AIXI isn’t computable. Assuming our universe is computable, that means you can’t have an AIXI laptop.
But even if our universe turns out to be non-computable in a way that makes AIXI physically possible, we’ll still face the problem that AIXI only hypothesizes computable causes for its sensory information. Solomonoff inductors can never entertain the possibility of the existence of Solomonoff inductors. Much less believe in Solomonoff inductors. Much less believe that they are Solomonoff inductors.
It would then make sense to hypothesize that this laptop is indeed itself.
AIXI can’t represent ‘X is myself’. AIXI can only represent computer programs outputting strings of digits. Suppose we built an approximation of AIXI that includes itself in its hypothesis space, like AIXItl. Still AIXItl won’t be able to predict its own destruction, because destruction is not equivalent to any string of digits. Solomonoff inductors are designed to predict the next digit in an infinite series; halting programs aren’t in the hypothesis space.
So if AIXItl realizes that there’s a laptop in its environment whose hardware changes correlate especially strongly with the binary string, still AIXItl won’t be able to even think about the possibility ‘my computation is the hardware, and can be destroyed’.
We can try to patch that fundamental delusion (e.g., by making it believe that it will go to Hell if it smashes itself), but the worry is that such a delusion won’t be able to be localized in an AGI; it will infect other parts of the AGI’s world-view and utility function in ways that may be hard to predict and control. A general intelligence that permanently believes in Hell and mind-body dualism may come to a lot of strange and unexpected beliefs.
Or, we could just start it up and tell it, “Hey, this laptop is you”.
You can’t do that with Solomonoff induction, so we’ll need some new formalism that permits this.
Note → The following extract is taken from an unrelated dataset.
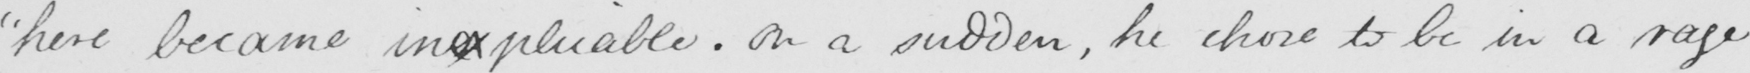Transcribe the text shown in this historical manuscript line. " here became inexplicable . On a sudden , he chose to be in a rage 
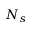<formula> <loc_0><loc_0><loc_500><loc_500>N _ { s }</formula>

If we give a prior like this to the AGI, we’ll also need to be sure it’s an updatable hypothesis, not an axiom.
Well here is my take on how AIXI would handle these sorts of situations:
First, let’s assume it lives in a universe so which in any time t is in a state S(t) which is computable in terms of t. Now, AIXI finds this function S(t) interesting because it can be used to predict the input bits. More precisely, AIXI generates some function f which locate the machine running it and returns the input bits in that machine, and generates the model where its inputs in time t is f(S(t)). This function f is AIXI’s phenomenological bridge, it is naturally emergent from the formalism of AIXI. This does not take into account how AIXI’s model active has its future inputs depend on its current output, which would make the model more complicated.
Now suppose that AIXI considers an action with the result that in some time t’ the machine computing it in no longer exists. Then AIXI would be able to compute S(t’), but f(S(t’)) would no longer be well defined. What would AIXI do then? It will have to start using a different model for its inputs. Weather it will perform such an action depends on its predictions of its reward signal in this alternative. The exact result would be unpredictable, but one possible regularity would be that if it receives a very low reward signal then by regression to the mean it would expect to do better in these alternative models and would be in favor of actions which lead to its host machine’s destruction.
However, it gets more complicated than that. While in our intuitive models the AIXI’s input is no longer well defined when its host machine is destroyed, in its internal model the function f would probably be defined everywhere. For example, if its input are stored in a string of capacitors, its function f may be “electric fields in point x0, …, xn”, which is defined even when the capacitors are destroyed or displaced. A more interesting example would be if its inputs are generated from perfect-fidelity measurement of the physical world. Then the most favored hypothesis for f may be that f(s) is the measurement of those observables, and AIXI’s actions would optimize the physical parameter corresponding to its reward circuit regardless of what it predicts would happen to its reward circuit.
It gets even more interesting. Suppose such an AIXI predicts that its input stream will be tampered with. What would it do? Here, the part of its model which depends on its own output, which I previously ignored, becomes crucial. It would be reasonable for it to think as follows: When the inputs for its machine don’t match the physical parameters these inputs are supposed to measure, then AIXI’s prediction for its future input no longer matches the inputs the machine receives. Therefore the machine’s actions should no longer match AIXI’s intentions, but AIXI’s reward signal will still be at the mercy of this machine. This would generally be assigned a suboptimal utility and be avoided. However, AIXI’s model for its output circuit may be that it influences the physical state even after its host machine no longer implements it. In that case, it would not be reluctant to tamper with its input circuit.
Overall, AIXI’s actions eerily resemble the way humans behave.
I affirm all of this response except the last sentence. I don’t think humans go wrong in quite the same way...
No?
Scenario 1:
would be in favor of actions which lead to its host machine’s destruction.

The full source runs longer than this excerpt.